Wednesday, February 29, 2012

My Problem with Petition Signature-Gatherers

I teach at Fullerton College and Cal State Fullerton. Increasingly often, I see people on the campus soliciting students to sign petitions for ballot initiatives (Propositions). A certain number of signatures is required to put a Proposition on the California ballot. Signature-gathering for ballot measures is part of our democratic process here in California. However, the problem with randomly soliciting signatures from strangers is twofold:

1.)The signature-gatherer’s approach is often to grossly generalize and over-simplify the content of the ballot measure. They will ask random passers-by loaded questions like, “Do you want to lower car insurance rates?” or “Do you want a greener California?” or “Do you want to stop human trafficking?” Most people would answer “yes” to these questions. However, the full text of the ballot measure is usually far lengthier and more complex that those questions. Today, I was accosted by a signature-gatherer and, when I asked to read the full text of the propositions he was gathering signatures for, he showed me pages and pages of small print. I told him, “I’m sorry. I would want to fully understand what I’m putting my signature on and, frankly, I don’t have the time right now to read all that text. “ He seemed shocked that I wasn’t satisfied with his one-sentence explanations.

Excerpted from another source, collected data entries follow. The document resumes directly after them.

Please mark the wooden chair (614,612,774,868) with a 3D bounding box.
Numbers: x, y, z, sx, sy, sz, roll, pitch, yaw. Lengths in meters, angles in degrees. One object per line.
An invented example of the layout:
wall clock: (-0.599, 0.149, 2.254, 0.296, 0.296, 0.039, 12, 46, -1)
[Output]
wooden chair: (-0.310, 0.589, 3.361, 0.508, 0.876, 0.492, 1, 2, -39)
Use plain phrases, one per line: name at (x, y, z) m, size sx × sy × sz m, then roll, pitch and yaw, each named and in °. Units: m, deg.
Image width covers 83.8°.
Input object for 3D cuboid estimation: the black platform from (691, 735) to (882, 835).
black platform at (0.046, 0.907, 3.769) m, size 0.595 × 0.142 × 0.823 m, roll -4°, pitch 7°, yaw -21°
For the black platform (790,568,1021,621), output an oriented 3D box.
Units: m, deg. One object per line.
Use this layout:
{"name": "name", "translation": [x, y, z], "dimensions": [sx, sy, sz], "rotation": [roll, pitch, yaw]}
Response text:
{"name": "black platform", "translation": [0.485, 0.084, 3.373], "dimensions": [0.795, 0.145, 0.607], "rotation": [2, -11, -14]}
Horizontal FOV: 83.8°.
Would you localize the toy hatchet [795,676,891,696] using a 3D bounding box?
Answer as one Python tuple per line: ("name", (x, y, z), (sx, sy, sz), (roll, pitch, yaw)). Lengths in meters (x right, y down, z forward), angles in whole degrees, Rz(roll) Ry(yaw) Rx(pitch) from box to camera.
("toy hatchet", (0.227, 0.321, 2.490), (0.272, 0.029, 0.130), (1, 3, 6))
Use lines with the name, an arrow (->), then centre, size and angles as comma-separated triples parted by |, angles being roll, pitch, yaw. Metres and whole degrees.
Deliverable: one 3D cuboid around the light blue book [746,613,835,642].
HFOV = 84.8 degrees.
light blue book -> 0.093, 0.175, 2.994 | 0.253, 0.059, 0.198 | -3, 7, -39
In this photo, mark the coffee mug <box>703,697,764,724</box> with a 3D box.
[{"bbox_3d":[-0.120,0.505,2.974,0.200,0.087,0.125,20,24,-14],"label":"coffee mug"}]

2.)Petition signature-gatherers, by and large, get paid per signature, sometimes around $5 a signature. They are rarely, if ever, gathering signatures because they simply believe in the ballot measures they are helping put on the ballot. They are usually doing it for a pay check, so some of the more unscrupulous ones, like the gentleman I met today, will say whatever it takes to get you to sign your name, regardless of the real-world consequences of the ballot measures. Consequently, some really bone-headed ballot measures often get on the ballot. Big corporations like to use this tactic to get a proposition that will benefit them on the ballot, like Prop 16 in the last election, which would have given Pacific Gas & Electric a near monopoly on California utilities. I’m sure the signature-gatherers got that one on the ballot by asking, “Do you want lower electric bills?”

For these reasons, I pretty much never sign petitions from random signature-gatherers, and I actually view them as kind of a threat to democracy. If there is a ballot measure that comes along that I really believe in, I will research it fully before signing my name to put it on the ballot.